Taffy Brodesser-Akner is a unicorn at the Times Magazine; her pieces are long and yet incisive, and yet at the end you would happily read more. Novels are different; they benefit from editing. At 350 pages, this novel cries out to be shorter by 50 pages, maybe more. So feel free to skim. But do not abandon it. Along the way, there are tart, smart observations, and exchanges that will make you turn down the corner of several dozen pages, and at the end, you will be rewarded with some hard won, beautifully composed wisdom. And then there are social reasons to read this novel. Everyone you know will be reading it. And if you don’t, you’ll have to stand around at parties like Ivanka Trump, eager to be in a conversation but just not up to it.
A FEW OF TAFFY BRODESSER-AKNER’S BEST MAGAZINE PROFILES
She wanted to eat the world, but it was just too big. She tried desperately to find moderation. She read everything she could get her hands on. She lived for as long as she possibly could. It is really something that we choose a person’s death as the occasion to write about her, when that is the time when she is more subjective than she ever was in life.
I wanted to talk about Mr. Cooper’s own sobriety, and how it was reflected in Jackson’s drug and alcohol addiction. I wanted to talk about fatherhood — how Mr. Cooper has both lost his father and become a father in the last few years — since fathers haunt the movie. I wanted to talk about love. But he wasn’t having it.
Listen, he said to me. I seem nice. He gets that I’m just doing my job. But he’s not going to get personal with me. He has to promote his movie — he wants to promote his movie — but beyond that? What would telling me anything truly personal really do? “I don’t necessarily see the upside of it. You know? I don’t.”

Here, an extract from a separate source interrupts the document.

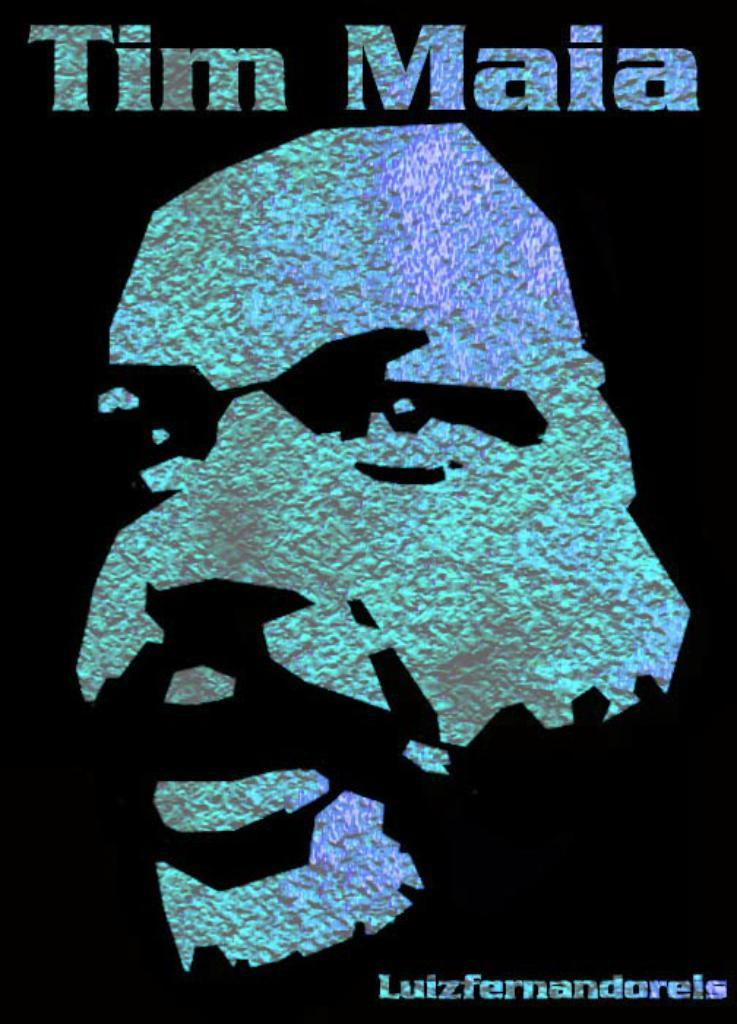<image>
Relay a brief, clear account of the picture shown. Poster showing a man's face and the name "Tim Maia".

Gwyneth Paltrow disrupted the contract between the celebrity and the civilian who is observing her. In a typical women’s magazine profile, the implicit pact is that the celebrity will not make the woman feel bad by implying that the woman could have what the celebrity has if only she would work: “It’s all in my genes, what can I say!” the celebrity proclaims. But G.P. was different. She would talk openly about the food habits and exercise obsessions that allowed her to look the way she did. “It’s so much easier to sit home and not exercise and criticize other people,” she told Elle magazine in 2011. “My life is good,” she wrote on Goop’s website, “because I am not passive about it. I want to nourish what is real, and I want to do it without wasting time.” People think they want celebrities to speak honestly, but we’re not really that happy when they do.